Sign the DP client agreement, which defines the rights and duties of the DP and the person wishing to open the account.
Receive your client account number (Client ID).
This client id along with your DP id gives you a unique identification in the depository system.
There is no restriction on the number of DP accounts you can open. However, if your existing physical shares are in joint names, be sure to open the account in the same order of names before you submit your share certificates for demat.
Dematerialization of your existing share certificates, which are in the physical form is very easy open a demat account. You need to fill up a dematerialization request form, which is available with your DP. Submit your share certificates along with the form; (write “surrendered for demat” on the face of the certificates before submitting it for demat). Receive credit for the dematerialized shares in to your account within 15 days.

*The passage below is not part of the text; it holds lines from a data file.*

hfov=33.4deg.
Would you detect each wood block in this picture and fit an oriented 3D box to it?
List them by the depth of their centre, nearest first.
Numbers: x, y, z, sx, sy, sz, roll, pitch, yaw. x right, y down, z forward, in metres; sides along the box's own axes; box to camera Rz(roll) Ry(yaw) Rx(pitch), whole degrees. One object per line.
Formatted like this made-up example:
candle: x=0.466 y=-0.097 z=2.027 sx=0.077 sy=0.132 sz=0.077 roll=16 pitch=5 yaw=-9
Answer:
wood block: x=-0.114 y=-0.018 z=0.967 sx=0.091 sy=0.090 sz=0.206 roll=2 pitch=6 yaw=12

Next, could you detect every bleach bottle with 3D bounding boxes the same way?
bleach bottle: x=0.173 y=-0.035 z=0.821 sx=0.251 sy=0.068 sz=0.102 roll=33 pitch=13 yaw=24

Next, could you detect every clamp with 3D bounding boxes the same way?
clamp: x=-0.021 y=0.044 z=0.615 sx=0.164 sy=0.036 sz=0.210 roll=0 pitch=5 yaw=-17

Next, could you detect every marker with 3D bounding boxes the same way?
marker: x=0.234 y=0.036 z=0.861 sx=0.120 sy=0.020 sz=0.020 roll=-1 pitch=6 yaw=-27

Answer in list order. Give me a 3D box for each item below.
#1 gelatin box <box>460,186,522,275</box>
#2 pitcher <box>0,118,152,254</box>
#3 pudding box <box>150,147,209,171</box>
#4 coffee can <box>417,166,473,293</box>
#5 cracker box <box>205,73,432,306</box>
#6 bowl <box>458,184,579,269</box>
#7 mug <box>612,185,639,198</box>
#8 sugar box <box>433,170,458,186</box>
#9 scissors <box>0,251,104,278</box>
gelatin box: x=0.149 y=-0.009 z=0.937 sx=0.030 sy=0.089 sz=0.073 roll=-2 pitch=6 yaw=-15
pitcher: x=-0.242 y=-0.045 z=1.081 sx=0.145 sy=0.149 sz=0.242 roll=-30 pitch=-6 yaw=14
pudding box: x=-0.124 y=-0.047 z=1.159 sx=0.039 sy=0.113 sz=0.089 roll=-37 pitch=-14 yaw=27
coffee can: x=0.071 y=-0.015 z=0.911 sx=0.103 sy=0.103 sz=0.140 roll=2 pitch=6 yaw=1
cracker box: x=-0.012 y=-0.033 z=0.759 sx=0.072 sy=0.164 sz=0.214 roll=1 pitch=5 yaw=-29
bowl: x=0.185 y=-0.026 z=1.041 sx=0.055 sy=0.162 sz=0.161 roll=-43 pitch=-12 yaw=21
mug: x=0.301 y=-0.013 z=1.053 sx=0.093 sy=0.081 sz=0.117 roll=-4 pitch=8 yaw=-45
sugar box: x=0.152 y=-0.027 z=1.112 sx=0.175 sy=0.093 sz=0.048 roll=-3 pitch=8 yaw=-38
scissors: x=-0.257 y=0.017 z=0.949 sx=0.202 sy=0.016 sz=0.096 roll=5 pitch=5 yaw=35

Stock index helps in measuring the market movements. Return on the index is supposed to represent return on the market i.e. the return you could get if you had the entire market in your portfolio.
An index is a market representative, which serves as an effective proxy/sample to the market against which a portfolio can be benchmarked. Indices are efficiently used in developing derivatives products like index futures and index options. For example if an investor is bullish on the banking sector, he/she can buy futures on bank index, instead of buying too many different banking shares.
An index consists of representative stocks, selected based on liquidity and market capitalization, industry representation etc. Index value is arrived at by calculating the weighted average of the prices of these stocks. Index is adjusted continuously for stock specific event like stock split, rights, bonus etc. Index is updated by replacing stocks as and when necessary to remain as market representative.
Weights in calculating indices could be Market capitalization, price or equal weight. Market capitalization weighted method is the most widely used. Sensex and Nifty are market capitalization weighted indices. DJIA (Dow Jones Industrial Average) is price weighted index.
Bombay Stock Exchange limited or BSE is the oldest stock exchange in Asia, established in 1875. In a new face BSE is a corporate entity now. The BSE-Sensex is being tracked worldwide for investment in India. It follows “Market Capitalization Weighted” methodology.
BSE launched BSE-100 Index, the ‘BSE-200’ and the ‘DOLLEX-200’ indices to provide a better representation of the increased number of companies listed, increased market capitalization and the new industry groups. Followed by the launch of BSE-500 Index and 5 sectoral indices in 1999, BSE launched “Sector Series (90/FF)”.
BSE Auto Index
BSE Capital Goods Index
BSE Consumer Durables Index
BSE FMCG Index
BSE Healthcare Index
BSE IT Index
BSE Metal Index
BSE Oil and Gas Index
BSE Mid Cap Index
BSE Small Cap Index
The Exchange also disseminates various investment inputs like P/E Ratio, P/BV Ratio and the Dividend Yield Percentage on daily basis of all its major indices. You can also track more on these indices in https://www.bseindia.com/
NSE was promoted by leading Financial Institutions at the best interest of the Government of India and was incorporated in November 1992.
NSE first started operations in the Wholesale Debt Market (WDM) segment in June 1994, The Capital Market (Equities) in November 1994 and Derivatives segment in June 1990.
NSE has several Indices. S&P CNX Nifty being the prominent one, it consists of 50 stocks represents 25 sectors of the economy. It is owned and managed by India Index Services and Products Ltd. (IISL); joint venture of NSE and CRISIL. The index is used for benchmarking, derivatives and index funds etc. IISL manages various indices covering majority of sectors.